◆ Your assignment ◆
A line belongs in the answer if it contains "WARRANTIES"; copy every such line from the entries below.

--- Data extracts Enclosed Below ---

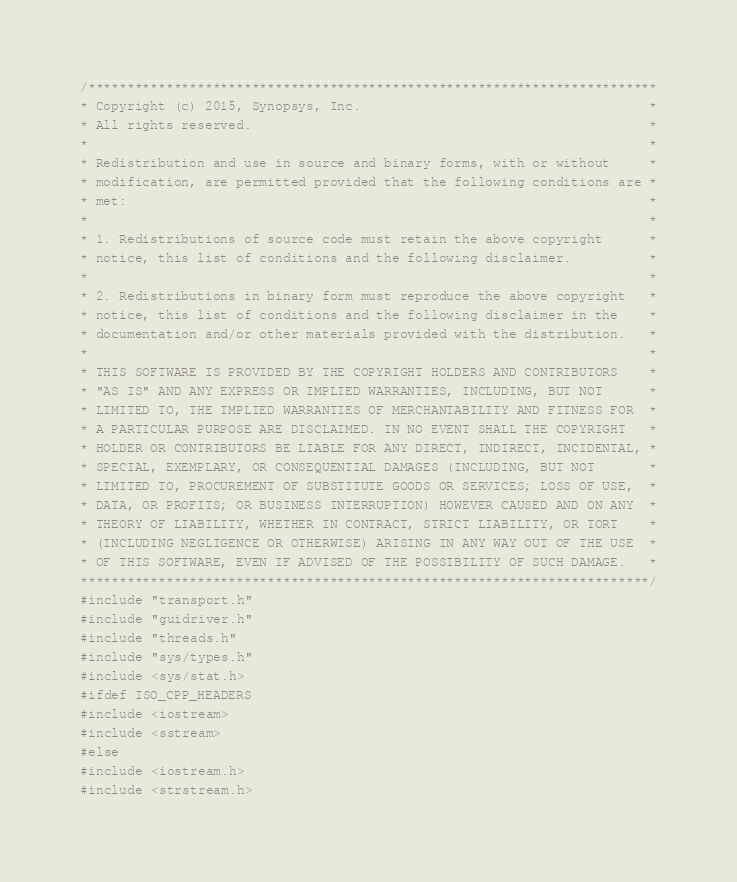Convert code to text. <code><loc_0><loc_0><loc_500><loc_500><_C++_>/*************************************************************************
* Copyright (c) 2015, Synopsys, Inc.                                     *
* All rights reserved.                                                   *
*                                                                        *
* Redistribution and use in source and binary forms, with or without     *
* modification, are permitted provided that the following conditions are *
* met:                                                                   *
*                                                                        *
* 1. Redistributions of source code must retain the above copyright      *
* notice, this list of conditions and the following disclaimer.          *
*                                                                        *
* 2. Redistributions in binary form must reproduce the above copyright   *
* notice, this list of conditions and the following disclaimer in the    *
* documentation and/or other materials provided with the distribution.   *
*                                                                        *
* THIS SOFTWARE IS PROVIDED BY THE COPYRIGHT HOLDERS AND CONTRIBUTORS    *
* "AS IS" AND ANY EXPRESS OR IMPLIED WARRANTIES, INCLUDING, BUT NOT      *
* LIMITED TO, THE IMPLIED WARRANTIES OF MERCHANTABILITY AND FITNESS FOR  *
* A PARTICULAR PURPOSE ARE DISCLAIMED. IN NO EVENT SHALL THE COPYRIGHT   *
* HOLDER OR CONTRIBUTORS BE LIABLE FOR ANY DIRECT, INDIRECT, INCIDENTAL, *
* SPECIAL, EXEMPLARY, OR CONSEQUENTIAL DAMAGES (INCLUDING, BUT NOT       *
* LIMITED TO, PROCUREMENT OF SUBSTITUTE GOODS OR SERVICES; LOSS OF USE,  *
* DATA, OR PROFITS; OR BUSINESS INTERRUPTION) HOWEVER CAUSED AND ON ANY  *
* THEORY OF LIABILITY, WHETHER IN CONTRACT, STRICT LIABILITY, OR TORT    *
* (INCLUDING NEGLIGENCE OR OTHERWISE) ARISING IN ANY WAY OUT OF THE USE  *
* OF THIS SOFTWARE, EVEN IF ADVISED OF THE POSSIBILITY OF SUCH DAMAGE.   *
*************************************************************************/
#include "transport.h"
#include "guidriver.h"
#include "threads.h"
#include "sys/types.h"
#include <sys/stat.h>
#ifdef ISO_CPP_HEADERS
#include <iostream>
#include <sstream>
#else
#include <iostream.h>
#include <strstream.h></code> 
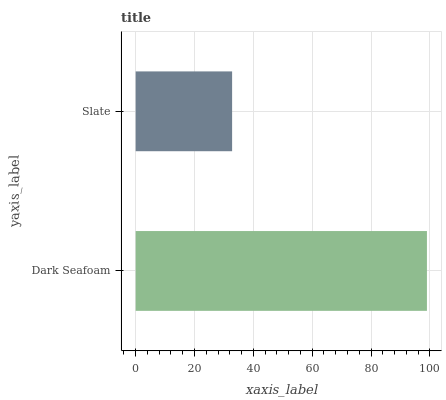Is Slate the minimum?
Answer yes or no. Yes. Is Dark Seafoam the maximum?
Answer yes or no. Yes. Is Slate the maximum?
Answer yes or no. No. Is Dark Seafoam greater than Slate?
Answer yes or no. Yes. Is Slate less than Dark Seafoam?
Answer yes or no. Yes. Is Slate greater than Dark Seafoam?
Answer yes or no. No. Is Dark Seafoam less than Slate?
Answer yes or no. No. Is Dark Seafoam the high median?
Answer yes or no. Yes. Is Slate the low median?
Answer yes or no. Yes. Is Slate the high median?
Answer yes or no. No. Is Dark Seafoam the low median?
Answer yes or no. No. 
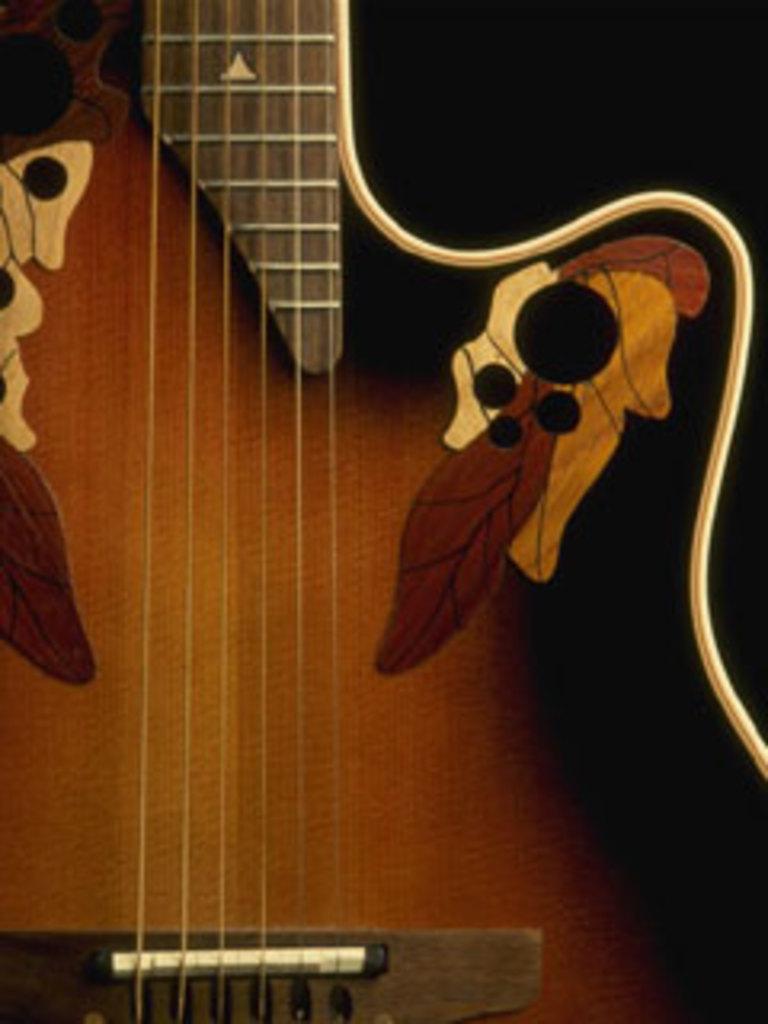In one or two sentences, can you explain what this image depicts? This picture contains guitar which is brown in color. 
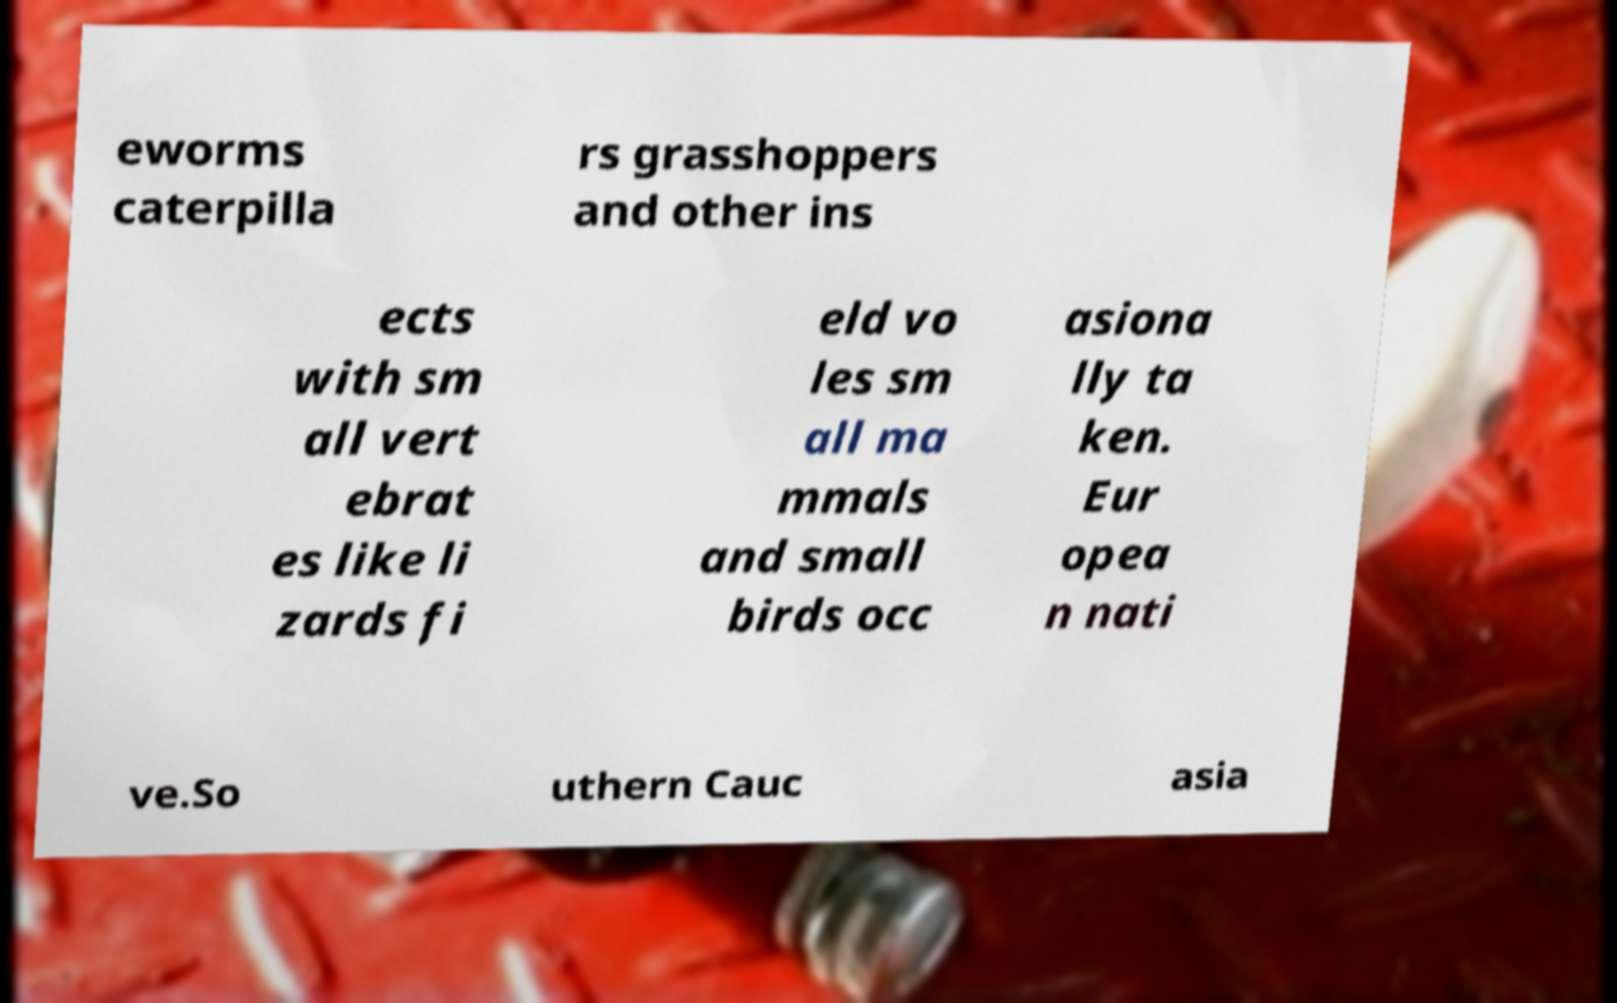I need the written content from this picture converted into text. Can you do that? eworms caterpilla rs grasshoppers and other ins ects with sm all vert ebrat es like li zards fi eld vo les sm all ma mmals and small birds occ asiona lly ta ken. Eur opea n nati ve.So uthern Cauc asia 
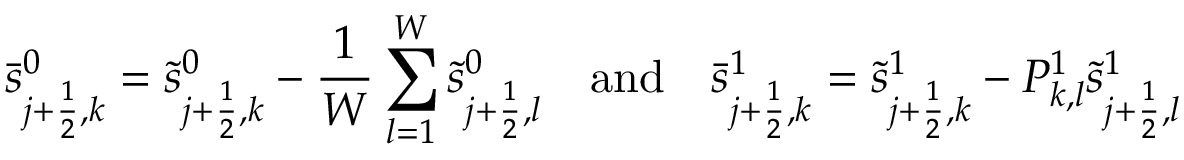<formula> <loc_0><loc_0><loc_500><loc_500>\bar { s } _ { j + \frac { 1 } { 2 } , k } ^ { 0 } = \tilde { s } _ { j + \frac { 1 } { 2 } , k } ^ { 0 } - \frac { 1 } { W } \sum _ { l = 1 } ^ { W } \tilde { s } _ { j + \frac { 1 } { 2 } , l } ^ { 0 } \quad a n d \quad \bar { s } _ { j + \frac { 1 } { 2 } , k } ^ { 1 } = \tilde { s } _ { j + \frac { 1 } { 2 } , k } ^ { 1 } - P _ { k , l } ^ { 1 } \tilde { s } _ { j + \frac { 1 } { 2 } , l } ^ { 1 }</formula>

--- End of Enclosed Data extracts ---

◆ Response area ◆
* "AS IS" AND ANY EXPRESS OR IMPLIED WARRANTIES, INCLUDING, BUT NOT      *
* LIMITED TO, THE IMPLIED WARRANTIES OF MERCHANTABILITY AND FITNESS FOR  *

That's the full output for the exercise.